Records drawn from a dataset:

[Start of Attachment]

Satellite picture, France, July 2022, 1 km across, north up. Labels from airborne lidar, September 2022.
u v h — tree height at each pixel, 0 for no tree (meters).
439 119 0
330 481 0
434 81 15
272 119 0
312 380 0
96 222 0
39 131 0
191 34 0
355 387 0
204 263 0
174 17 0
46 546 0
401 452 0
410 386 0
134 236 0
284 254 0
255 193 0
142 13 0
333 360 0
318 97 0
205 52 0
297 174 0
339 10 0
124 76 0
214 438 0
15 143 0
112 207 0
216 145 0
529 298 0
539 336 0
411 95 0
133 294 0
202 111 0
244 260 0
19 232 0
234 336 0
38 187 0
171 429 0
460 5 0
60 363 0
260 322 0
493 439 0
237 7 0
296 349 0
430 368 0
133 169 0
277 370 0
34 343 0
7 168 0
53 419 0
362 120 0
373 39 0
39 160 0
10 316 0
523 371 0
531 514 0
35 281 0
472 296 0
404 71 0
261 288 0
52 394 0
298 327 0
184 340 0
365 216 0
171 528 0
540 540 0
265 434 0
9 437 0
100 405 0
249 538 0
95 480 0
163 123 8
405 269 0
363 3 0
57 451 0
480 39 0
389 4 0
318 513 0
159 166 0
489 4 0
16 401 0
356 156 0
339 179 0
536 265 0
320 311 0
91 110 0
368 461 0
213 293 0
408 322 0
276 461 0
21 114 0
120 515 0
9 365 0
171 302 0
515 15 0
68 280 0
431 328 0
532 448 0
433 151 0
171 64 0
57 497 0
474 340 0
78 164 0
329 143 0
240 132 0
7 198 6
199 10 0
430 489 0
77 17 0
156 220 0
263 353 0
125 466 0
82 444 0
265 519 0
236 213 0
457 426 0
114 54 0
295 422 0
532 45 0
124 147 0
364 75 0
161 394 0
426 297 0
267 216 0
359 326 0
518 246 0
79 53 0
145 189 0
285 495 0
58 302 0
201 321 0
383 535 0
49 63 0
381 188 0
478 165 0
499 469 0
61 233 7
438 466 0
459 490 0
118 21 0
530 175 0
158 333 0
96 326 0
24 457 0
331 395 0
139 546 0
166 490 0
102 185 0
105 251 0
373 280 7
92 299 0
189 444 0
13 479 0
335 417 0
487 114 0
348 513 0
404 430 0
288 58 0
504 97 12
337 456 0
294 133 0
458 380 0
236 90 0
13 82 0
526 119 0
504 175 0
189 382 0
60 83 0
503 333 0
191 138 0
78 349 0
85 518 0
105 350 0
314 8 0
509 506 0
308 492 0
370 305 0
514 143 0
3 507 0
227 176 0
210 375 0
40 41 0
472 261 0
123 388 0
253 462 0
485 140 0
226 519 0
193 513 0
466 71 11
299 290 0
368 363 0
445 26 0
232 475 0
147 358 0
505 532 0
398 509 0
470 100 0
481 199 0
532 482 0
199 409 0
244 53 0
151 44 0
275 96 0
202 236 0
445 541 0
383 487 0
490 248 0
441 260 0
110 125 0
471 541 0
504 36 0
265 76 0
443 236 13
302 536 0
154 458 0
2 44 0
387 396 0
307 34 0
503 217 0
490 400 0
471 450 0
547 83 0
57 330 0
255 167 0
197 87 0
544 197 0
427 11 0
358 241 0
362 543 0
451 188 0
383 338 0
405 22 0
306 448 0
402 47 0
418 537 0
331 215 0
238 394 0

[End of Attachment]

◆ Instructions to follow: Repeat the records above in full, word for word.

◆ Task output:
Satellite picture, France, July 2022, 1 km across, north up. Labels from airborne lidar, September 2022.
u v h — tree height at each pixel, 0 for no tree (meters).
439 119 0
330 481 0
434 81 15
272 119 0
312 380 0
96 222 0
39 131 0
191 34 0
355 387 0
204 263 0
174 17 0
46 546 0
401 452 0
410 386 0
134 236 0
284 254 0
255 193 0
142 13 0
333 360 0
318 97 0
205 52 0
297 174 0
339 10 0
124 76 0
214 438 0
15 143 0
112 207 0
216 145 0
529 298 0
539 336 0
411 95 0
133 294 0
202 111 0
244 260 0
19 232 0
234 336 0
38 187 0
171 429 0
460 5 0
60 363 0
260 322 0
493 439 0
237 7 0
296 349 0
430 368 0
133 169 0
277 370 0
34 343 0
7 168 0
53 419 0
362 120 0
373 39 0
39 160 0
10 316 0
523 371 0
531 514 0
35 281 0
472 296 0
404 71 0
261 288 0
52 394 0
298 327 0
184 340 0
365 216 0
171 528 0
540 540 0
265 434 0
9 437 0
100 405 0
249 538 0
95 480 0
163 123 8
405 269 0
363 3 0
57 451 0
480 39 0
389 4 0
318 513 0
159 166 0
489 4 0
16 401 0
356 156 0
339 179 0
536 265 0
320 311 0
91 110 0
368 461 0
213 293 0
408 322 0
276 461 0
21 114 0
120 515 0
9 365 0
171 302 0
515 15 0
68 280 0
431 328 0
532 448 0
433 151 0
171 64 0
57 497 0
474 340 0
78 164 0
329 143 0
240 132 0
7 198 6
199 10 0
430 489 0
77 17 0
156 220 0
263 353 0
125 466 0
82 444 0
265 519 0
236 213 0
457 426 0
114 54 0
295 422 0
532 45 0
124 147 0
364 75 0
161 394 0
426 297 0
267 216 0
359 326 0
518 246 0
79 53 0
145 189 0
285 495 0
58 302 0
201 321 0
383 535 0
49 63 0
381 188 0
478 165 0
499 469 0
61 233 7
438 466 0
459 490 0
118 21 0
530 175 0
158 333 0
96 326 0
24 457 0
331 395 0
139 546 0
166 490 0
102 185 0
105 251 0
373 280 7
92 299 0
189 444 0
13 479 0
335 417 0
487 114 0
348 513 0
404 430 0
288 58 0
504 97 12
337 456 0
294 133 0
458 380 0
236 90 0
13 82 0
526 119 0
504 175 0
189 382 0
60 83 0
503 333 0
191 138 0
78 349 0
85 518 0
105 350 0
314 8 0
509 506 0
308 492 0
370 305 0
514 143 0
3 507 0
227 176 0
210 375 0
40 41 0
472 261 0
123 388 0
253 462 0
485 140 0
226 519 0
193 513 0
466 71 11
299 290 0
368 363 0
445 26 0
232 475 0
147 358 0
505 532 0
398 509 0
470 100 0
481 199 0
532 482 0
199 409 0
244 53 0
151 44 0
275 96 0
202 236 0
445 541 0
383 487 0
490 248 0
441 260 0
110 125 0
471 541 0
504 36 0
265 76 0
443 236 13
302 536 0
154 458 0
2 44 0
387 396 0
307 34 0
503 217 0
490 400 0
471 450 0
547 83 0
57 330 0
255 167 0
197 87 0
544 197 0
427 11 0
358 241 0
362 543 0
451 188 0
383 338 0
405 22 0
306 448 0
402 47 0
418 537 0
331 215 0
238 394 0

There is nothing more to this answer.